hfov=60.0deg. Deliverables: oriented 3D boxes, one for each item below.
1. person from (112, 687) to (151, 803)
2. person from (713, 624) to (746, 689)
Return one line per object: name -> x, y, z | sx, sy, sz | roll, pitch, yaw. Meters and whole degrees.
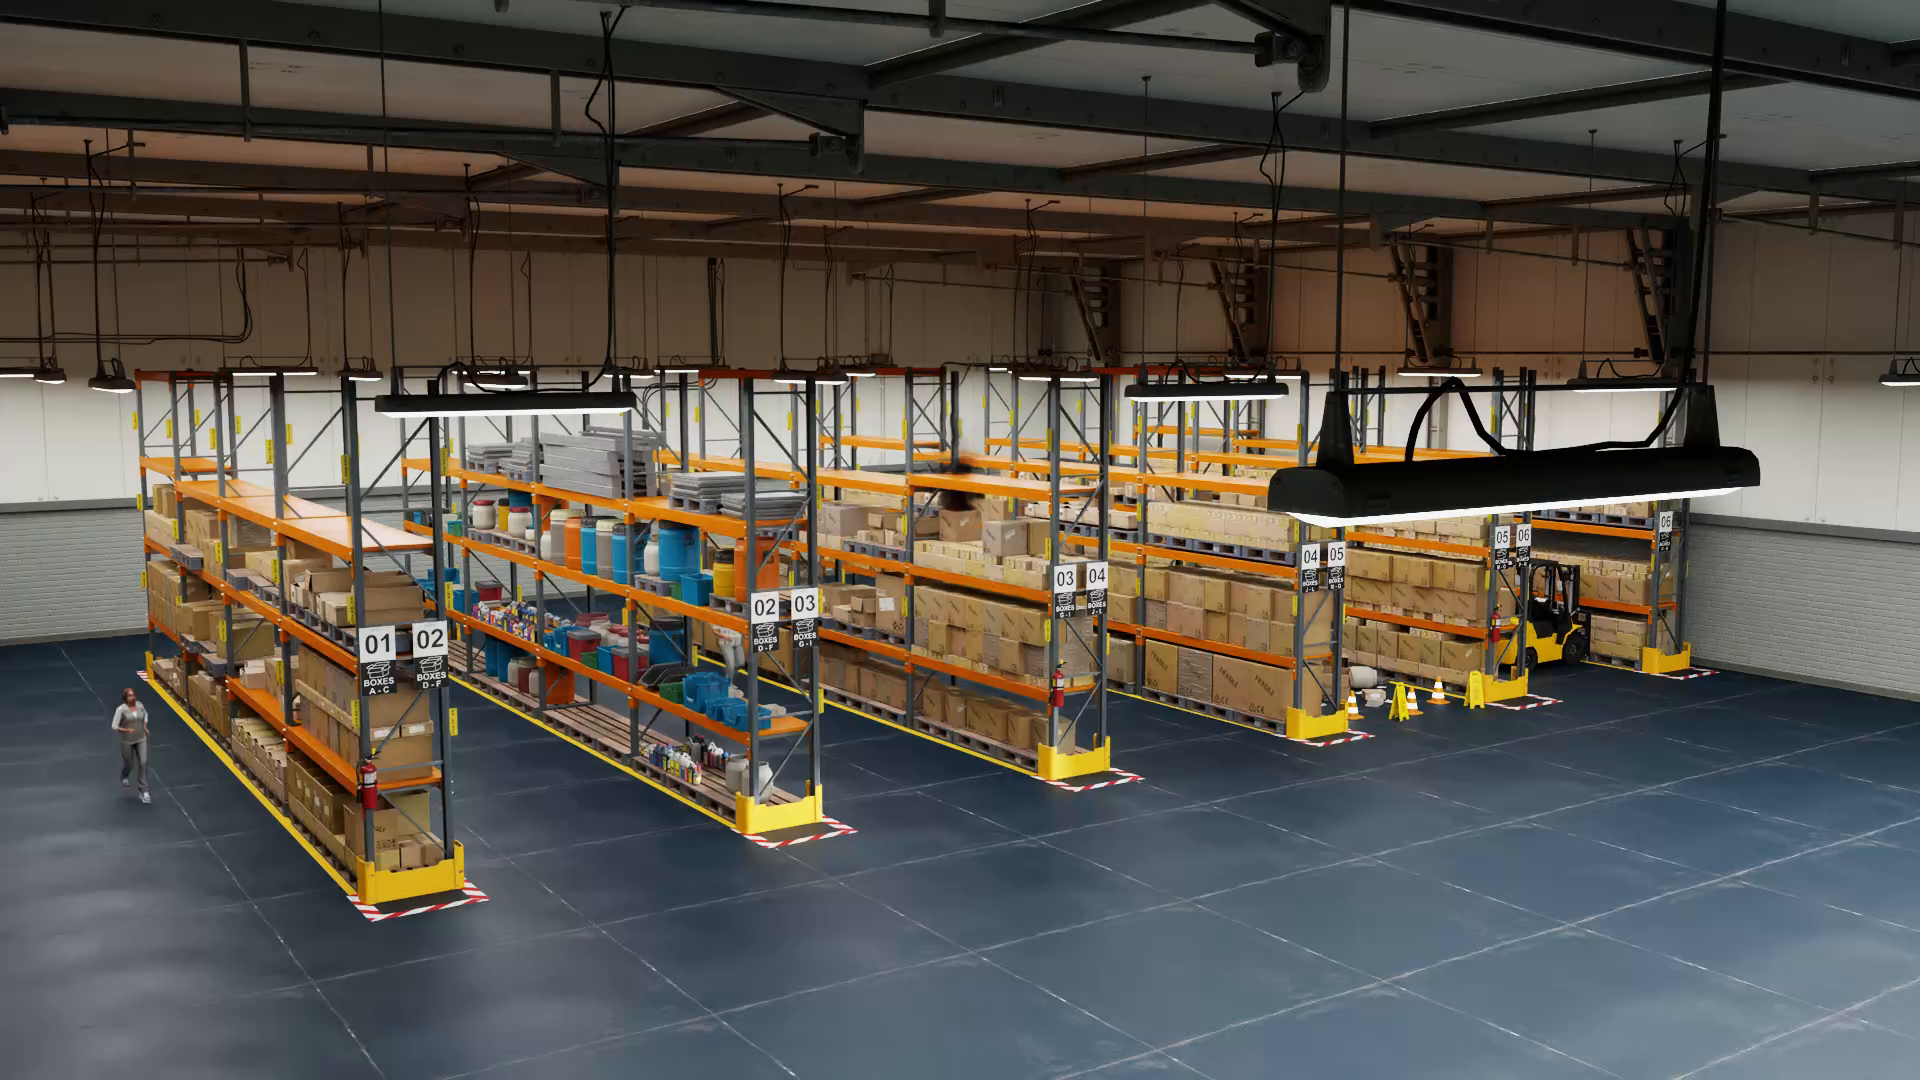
person -> -11.733, 2.875, 23.572 | 0.538, 1.605, 0.877 | -6, 9, -44
person -> -4.314, 1.936, 31.308 | 0.659, 1.732, 0.622 | -5, 8, -40
___
(Requirement) Once a line of the records is found to contain "from", copy it out.

(Task output)
1. person from (112, 687) to (151, 803)
2. person from (713, 624) to (746, 689)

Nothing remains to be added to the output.